# 1980 320i Repair Costs



## withviolence (May 3, 2006)

I'm interested in buying this 1980 320i from a friend of mine for around $400-$500, with only a couple of things wrong with it. Known problems, anyway. I have yet to test drive it and will get around to it this saturday, but as of now my friend tells me that the car needs the following - 

New Brakes
New Exhaust
Four new tires
Some rust blasted off from underneath rear windows, can be done by friend

As this is my first BMW I don't know if the prices are varied from other cars, or what. If anybody can give me a guesstimation of how much they think this'll all come to, I'd gladly like to hear it.
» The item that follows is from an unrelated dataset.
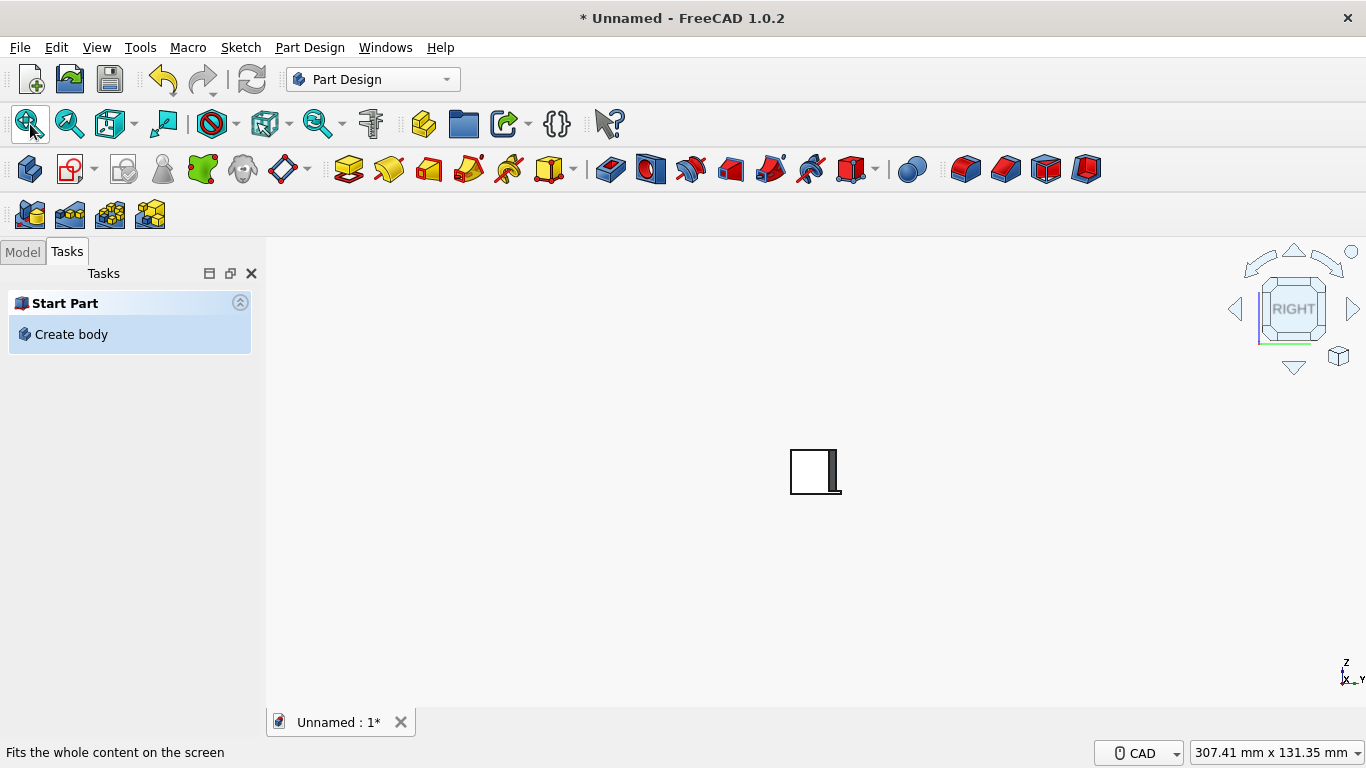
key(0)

Thanks.


----------



## jbob (Dec 1, 2002)

goto an online parts source to price out what you would need, like bmaparts.com or autohausaz.com

FYI, there are some people who are parting out 320i's, so you can get working parts for a lot cheaper than new.
I actually have some parts from my 81 320i that you might be able to use for this 'new' car:
-pair of front brake calipers w/ pads & hard-brakelines
-pair of rear shoes
-stock muffler
(PM me if you think you might be interested in any of these)
here's a link to a photogallery of all the parts I should have still available: http://community.webshots.com/user/jbob320isale

tires are pretty cheap for the stock 13" wheels (checkout tirerack.com or tires.com for prices). stock dimensions are 185/70/13 (a 205/60/13 is a nice upgrade).


----------